2.1.4. Monitoring and Notifying enabler

2.1.4.1. Introduction

This enabler could be viewed as a general purpose by representing it as a combination of high-level monitoring module (which would allow to monitor devices, logs, etc.) and notifying module that could send custom messages to predefined system components.

2.1.4.2. Features

The monitoring and notifying enabler has the following functionalities:

  • Monitor the uninterrupted functionality of edge devices

  • Create a notification when an unexpexted incident occurs

  • Common interfaces for quering log-data and notifications

2.1.4.3. Place in architecture

The monitoring and notifying enabler is part of the vertical plane enablers Self-*. It is directly connected to the Edge Data Broker Enabler by subscribing to its topics.

2.1.4.4. User guide

NOTE: This is a continuation of the installation steps. Please proceed with the installation first and then continue with the current section.

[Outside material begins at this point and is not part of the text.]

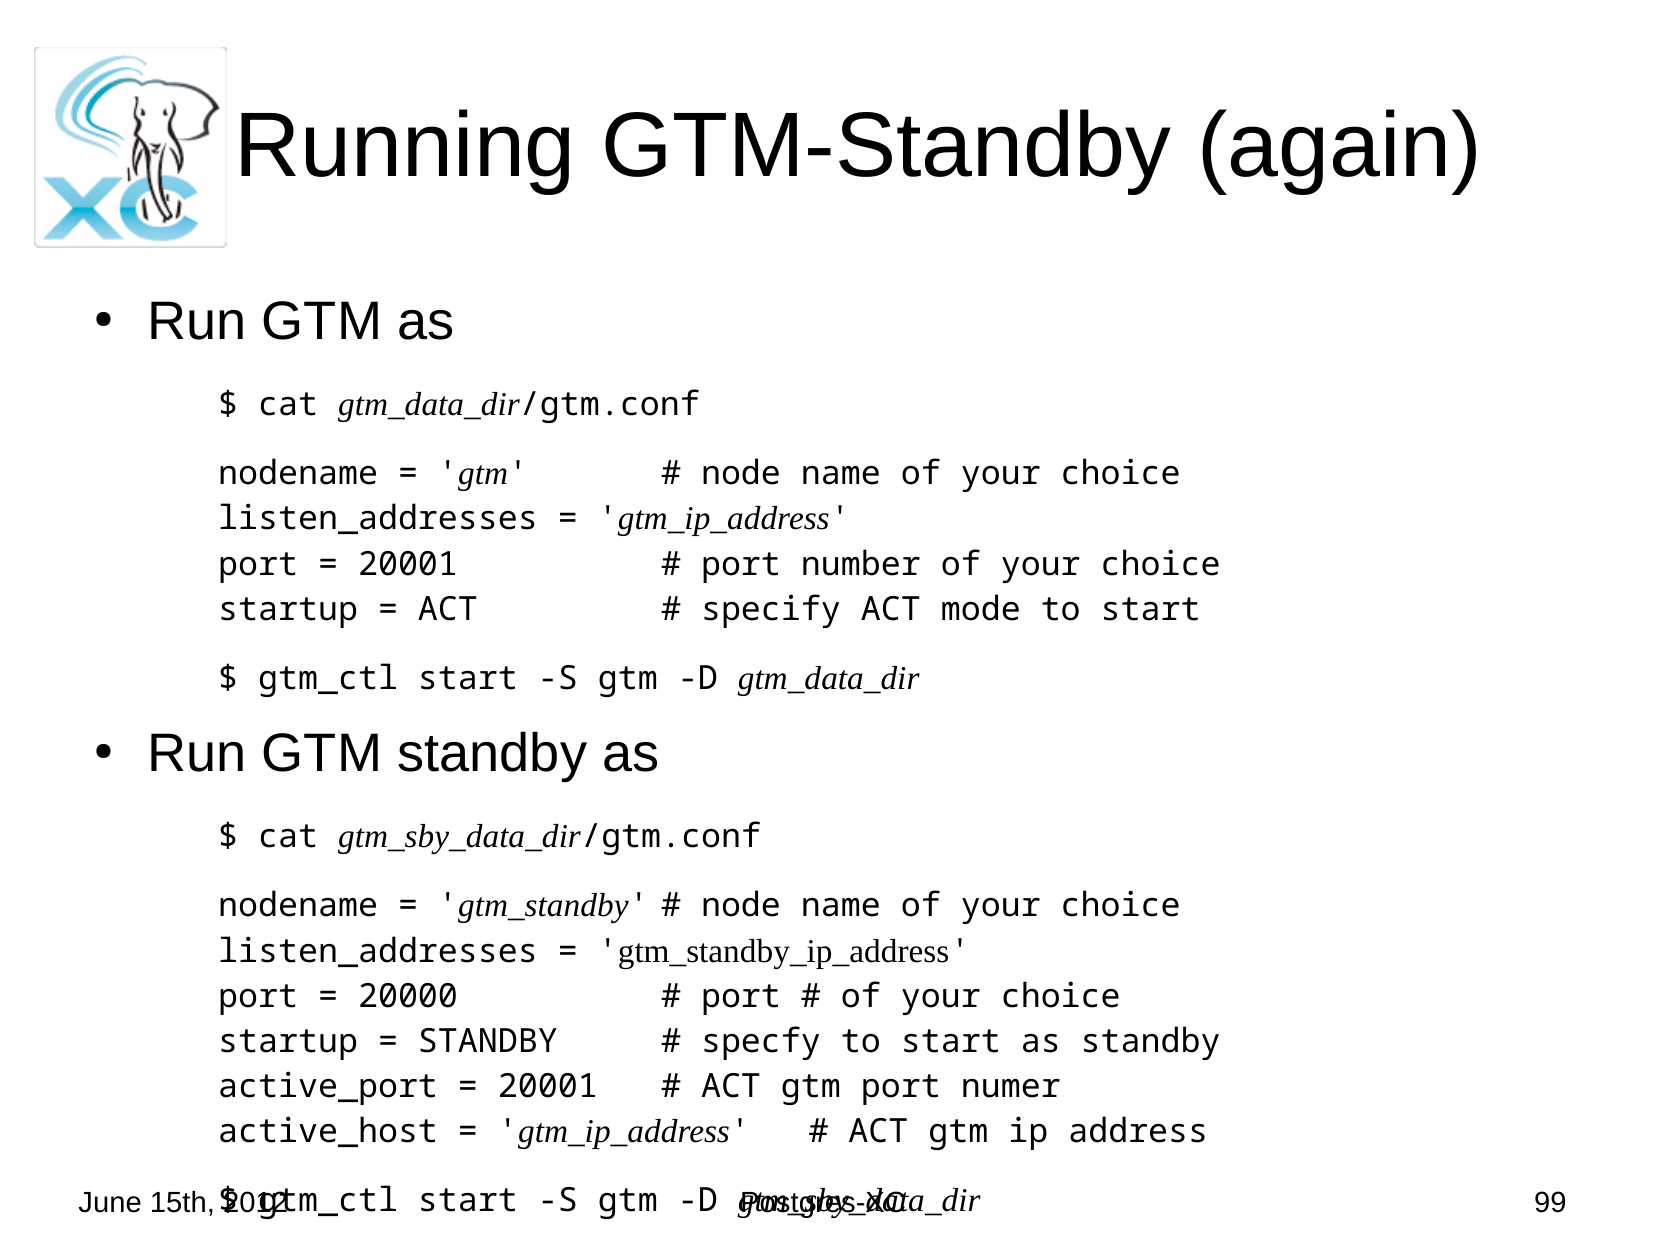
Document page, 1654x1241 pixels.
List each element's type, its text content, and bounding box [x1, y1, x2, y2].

title Running GTM-Standby (again) [234, 40, 1599, 248]
list Run GTM as $ cat gtm_data_dir/gtm.conf nodename = 'gtm' # node name of your choice listen_addresses = 'gtm_ip_address' port = 20001 # port number of your choice startup = ACT # specify ACT mode to start $ gtm_ctl start -S gtm -D gtm_data_dir Run GTM standby as $ cat gtm_sby_data_dir/gtm.conf nodename = 'gtm_standby' # node name of your choice listen_addresses = 'gtm_standby_ip_address' port = 20000 # port # of your choice startup = STANDBY # specfy to start as standby active_port = 20001 # ACT gtm port numer active_host = 'gtm_ip_address' # ACT gtm ip address $ gtm_ctl start -S gtm -D gtm_sby_data_dir [76, 290, 1565, 1109]
picture [34, 47, 227, 248]

2.1.4.4.1. Testing the deployment:

In order to test the deployment we are going to create a topic and test if producers/consumers can exchange messages both inside the k8s cluster and from outside as well.

Create a topic

  • Create a topic named mytopic using the commands below. Replace the KAFKA_SERVICE_NAME placeholder with the one mentioned above.

export POD_NAME=$(kubectl get pods --namespace default -l "app.kubernetes.io/name=kafka,app.kubernetes.io/instance=mykafka,app.kubernetes.io/component=kafka" -o jsonpath="{.items[0].metadata.name}")

kubectl --namespace default exec -it $POD_NAME -- kafka-topics.sh --create --bootstrap-server <KAFKA_SERVICE_NAME>:9092 --replication-factor 1 --partitions 1 --topic mytopic

Create a producer/consumer inside the cluster

  • Start a Kafka message consumer. This consumer will connect to the cluster and retrieve and display messages as they are published to the mytopic topic. Replace the KAFKA_SERVICE_NAME placeholder with the one mentioned above. (If you are in the same terminal you created the topic then ignore the first line).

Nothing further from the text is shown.